Inclusive leadership—today’s most pressing business imperative
What makes a good leader? While answers to this question will vary depending on who is asking and who is answering the question, often times we will find articles and think pieces which include a list of similar “leadership” qualities—self-motivated, risk-taker, innovator, performs well under pressure, strategic thinker, and so on. But how often do we describe effective leaders as empathic, curious, advocates for social justice, equitable, accountable, or knowledgeable on topics of diversity, equity, and inclusion? And why is it that we don’t often consider these as necessary qualities for today’s most competitive business leaders?
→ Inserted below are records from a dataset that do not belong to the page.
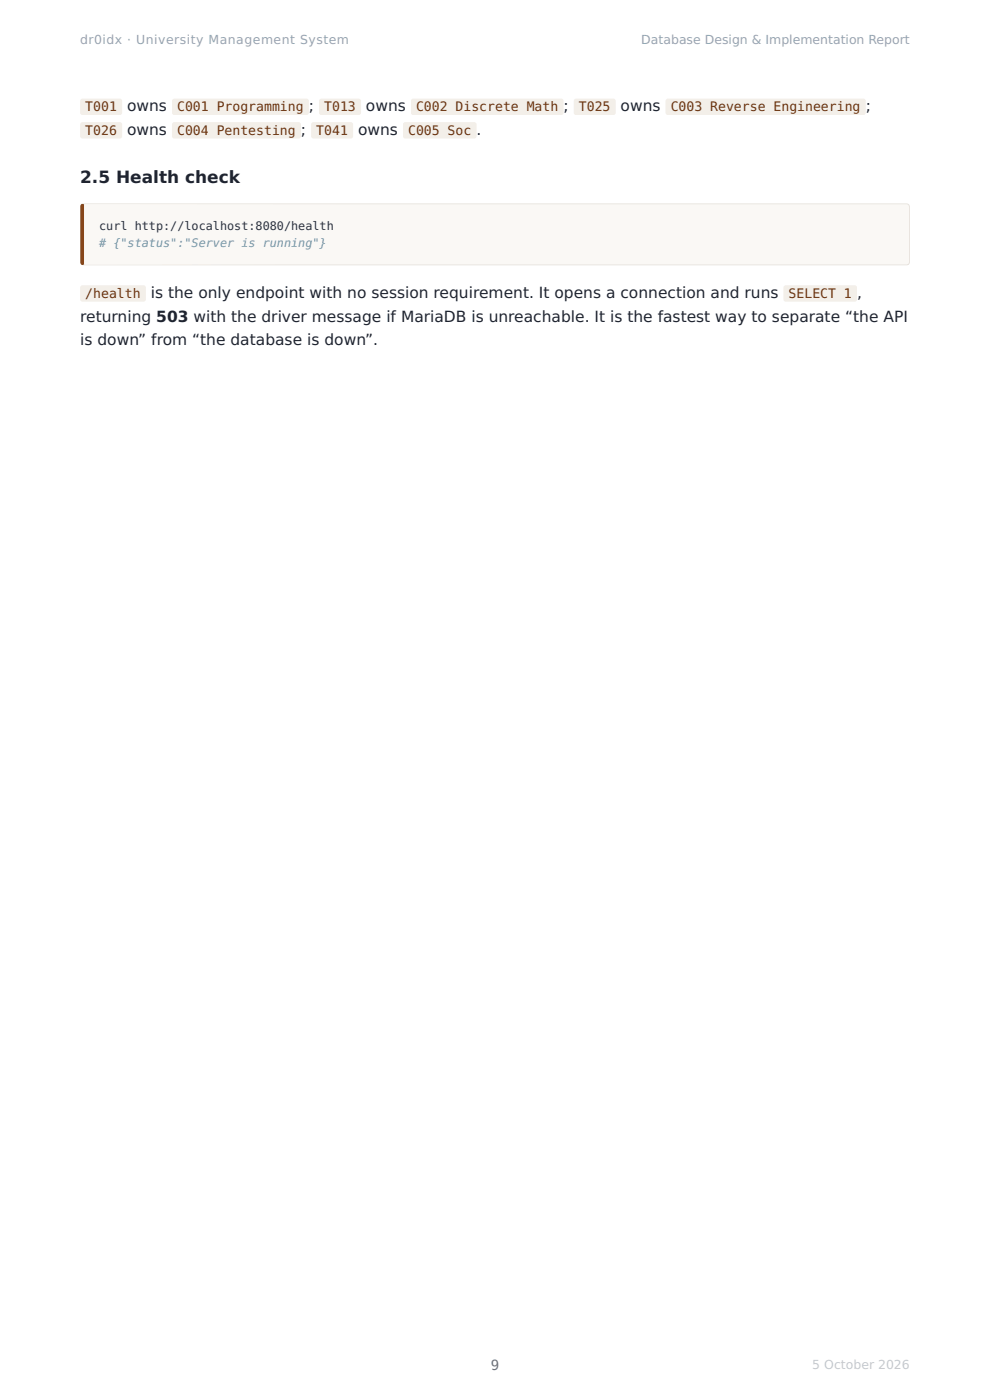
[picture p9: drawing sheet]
<svg xmlns="http://www.w3.org/2000/svg" width="210mm" height="297mm" viewBox="0 0 210 297" stroke-linecap="round" stroke-linejoin="round" font-family="sans-serif">
<defs><g id="words">
<text font-size="3.6" fill="#1f2430" x="17" y="38.9">2.5 Health check</text>
<g font-size="3.3" fill="#1f2430">
<text x="27" y="23.6">owns</text>
<text x="65.5" y="23.6">;</text>
<text x="77.6" y="23.6">owns</text>
<text x="119.6" y="23.6">;</text>
<text x="131.7" y="23.6">owns</text>
<text x="183.6" y="23.6">;</text>
<text x="27" y="28.6">owns</text>
<text x="63.8" y="28.6">;</text>
<text x="75.9" y="28.6">owns</text>
<text x="101.1" y="28.6">.</text>
<text x="32" y="63.2">is the only endpoint with no session requirement. It opens a connection and runs</text>
<text x="181.8" y="63.2">,</text>
<text x="17" y="68.2">returning 503 with the driver message if MariaDB is unreachable. It is the fastest way to separate “the API</text>
<text x="17" y="73.2">is down” from “the database is down”.</text>
</g>
<text font-size="3" fill="#6b7280" x="104.1" y="290.5">9</text>
<g font-size="2.8" fill="#6b3410">
<text x="18.1" y="23.6">T001</text>
<text x="37.6" y="23.6">C001 Programming</text>
<text x="68.8" y="23.6">T013</text>
<text x="88.2" y="23.6">C002 Discrete Math</text>
<text x="122.8" y="23.6">T025</text>
<text x="142.3" y="23.6">C003 Reverse Engineering</text>
<text x="18.1" y="28.6">T026</text>
<text x="37.6" y="28.6">C004 Pentesting</text>
<text x="67.1" y="28.6">T041</text>
<text x="86.6" y="28.6">C005 Soc</text>
<text x="18.1" y="63.2">/health</text>
<text x="167.3" y="63.2">SELECT 1</text>
</g>
<g font-size="2.6" fill="#98a2b3">
<text x="17" y="9.4">dr0idx · University Management System</text>
<text x="136" y="9.4">Database Design &amp; Implementation Report</text>
</g>
<text font-size="2.6" fill="#c4c9d1" x="172.3" y="290.4">5 October 2026</text>
<text font-size="2.5" fill="#2b3240" x="21" y="48.8">curl http://localhost:8080/health</text>
<text font-size="2.5" fill="#60a0b0" x="21" y="52.4"># {&quot;status&quot;:&quot;Server is running&quot;}</text>
</g></defs>
<path d="M17 43.1h176v13.2h-176z" fill="#faf8f5"/>
<path d="M17.8 55.6h175a.53 .53 0 0 1-.5 .5h-174.5zM17 55.6h176a.71 .71 0 0 1-.7 .7h-174.6a.71 .71 0 0 1-.7-.7z" fill-rule="evenodd" fill="#e0dcd6"/>
<path d="M17.8 43.3l.1 12.8zM17.2 43.4l.7-.3v13.2a.75 .75 0 0 1-.9-.7v-11.7z" fill-rule="evenodd" fill="#8b4513"/>
<g fill="#e0dcd6">
<path d="M192.2 43.3a.53 .53 0 0 1 .6 .6v11.7a.53 .53 0 0 1-.6 .5zM192.2 43.1h.1a.71 .71 0 0 1 .7 .8v11.7a.6 .6 0 0 1-.8 .7z" fill-rule="evenodd"/>
<path d="M17.8 43.3h174.5a.53 .53 0 0 1 .5 .6h-175zM17.2 43.4l.5-.3h174.6a.6 .6 0 0 1 .6 .8h-175.9z" fill-rule="evenodd"/>
</g>
<g fill="#f3efe9">
<path d="M17 20.9h8.9v3.5h-8.9z"/>
<path d="M36.5 20.9h29v3.5h-29z"/>
<path d="M67.7 20.9h8.9v3.5h-8.9z"/>
<path d="M87.1 20.9h32.5v3.5h-32.5z"/>
<path d="M121.7 20.9h8.9v3.5h-8.9z"/>
<path d="M141.2 20.9h42.4v3.5h-42.4z"/>
<path d="M17 25.9h8.9v3.5h-8.9z"/>
<path d="M36.5 25.9h27.3v3.5h-27.3z"/>
<path d="M66 25.9h8.9v3.5h-8.9z"/>
<path d="M85.5 25.9h15.6v3.5h-15.6z"/>
<path d="M17 60.5h13.9v3.5h-13.9z"/>
<path d="M166.2 60.5h15.6v3.5h-15.6z"/>
</g>
<use href="#words"/>
</svg>

Inclusive leadership—not just for nonprofit leaders
Often times, many inclusive leadership skills are considered as “soft skills” which are only necessary for those working in the nonprofit sector and for professionals in roles related to corporate social responsibility and Diversity, Equity, and Inclusion. This is a disadvantageous assumption. More and more organizations are beginning to recognize the importance of inclusive leadership and are fostering skills that allow leaders to address diversity, equity, and inclusion challenges faced by their organizations. It is imperative for today’s leaders to be responsive to increased demands for racial equity. As leaders think about Diversity, Equity, and Inclusion, they must understand how their organizations both impact and are influenced by social systems. Only with a firm grasp of this context can leaders make decisions that enable their organizations, and the broader city, to thrive.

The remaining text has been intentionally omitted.